Doubles Dilemma – China Open: Finals

It’s interesting to gain an insight into the mindset of athletes as they ready themselves to take to the court. Equally fascinating is the somewhat phobia-like phenomenon that affects certain players or pairs when they lineup against a particular opponent.

The landscape in men’s doubles is such at the moment that each of the top five ranked duos has a number of foibles against one foe or another. And it’s intriguing to observe the attitude that each partnership takes into a contest knowing they either struggle against or dominate a rival.

Another loss for Ahsan and Setiawan against their countrymen.

Take yesterday’s men’s doubles final at the VICTOR China Open 2019 for example.

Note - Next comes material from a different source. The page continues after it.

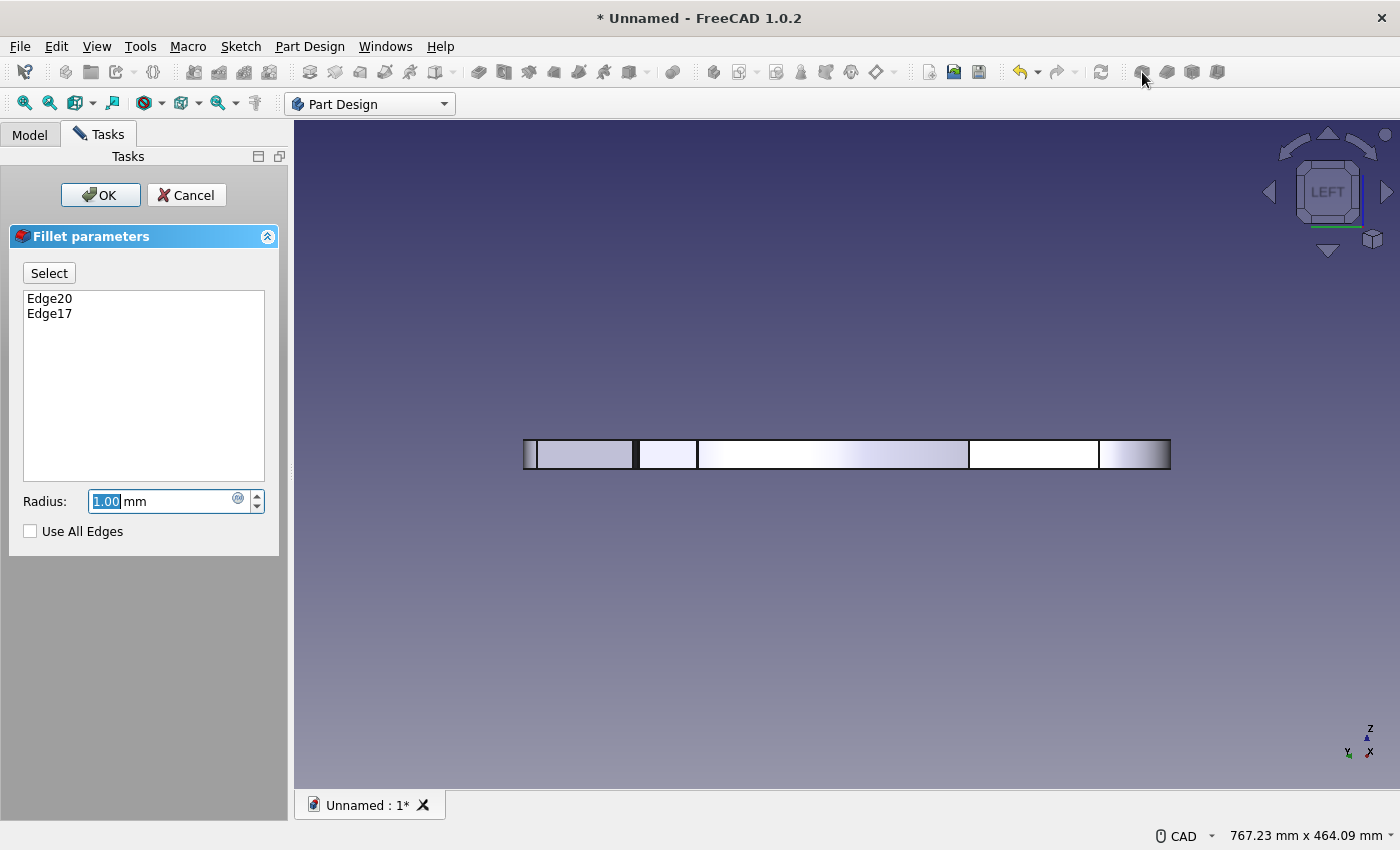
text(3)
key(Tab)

In the last eight head-to-head clashes against their countrymen, world No.1s Marcus Fernaldi Gideon and Kevin Sanjaya Sukamuljo have not taken a step wrong against Mohammad Ahsan and Hendra Setiawan.

This year alone they have won final matches against Ahsan and Setiawan at the Indonesia Masters, Indonesia Open, Japan Open and now the recently-concluded China Open in Changzhou. Their winning streak extends back to February 2018.

In fact, Ahsan and Setiawan have not recorded a victory against their teammates since splitting up post-Rio 2016. Yesterday’s effort was the closest they had got in their last four attempts, going down 21-18 17-21 21-15 in 42 minutes. Before that, they had all been straight-games defeats.

But for all their success, the ‘Minions’ too have their weaknesses. Twice now they have struggled considerably against Choi Solgyu and Seo Seung Jae of Korea. They were knocked out in the second round of the World Championships in Basel last month and some would argue they were very lucky not to have experienced the same fate in Changzhou last Thursday.

Those blips on the radar plus other losses at the All England and Malaysia Opens have read for a mixed season by their lofty standards. Still, two Super 1000 victories in a year is no mean feat.

Ahsan looking less than comfortable on his right leg.

When quizzed on how they feel when they lineup against certain teams, Gideon said: “Sometimes we play well, sometimes we don’t. And the style of play [between pairings] is different. Some we like playing against and others [we don’t].”

Conversely, Ahsan and Setiawan have had little trouble this year against other notable rivals in Li Jun Hui/Liu Yu Chen of China and both Japanese pairs. They are sitting on winning records against all three in 2019. Li and Liu, in particular, seem at odds as to how to break down the ‘Daddies’.

Despite Ahsan at times looking as though he is playing on one leg – an ongoing injury that continues to hamper him – the ‘Daddies’ have enjoyed a renaissance of such winning the All England and the World Championships.

The fact it’s their third title of each – both recorded well into their mid-30s – adds extra weight.

So, what do they have to do to get over the final hurdle and get a win against Gideon and Sukamuljo?

“Keep trying and trying again,” said Ahsan. “We understand them well. We train together all the time. They know us well. But they are the best. They are so much faster.”

It’s hardly a voice of confidence.

Gideon and Sukamuljo approach the season-ending HSBC BWF World Tour Finals as the team to beat. For them, it’s just about controlling what’s within their reach.

“We are focused on every tournament we enter. There’s still so much to achieve.”

Both the ‘Minions’ and the ‘Daddies’ are in action this week at the Korea Open 2019.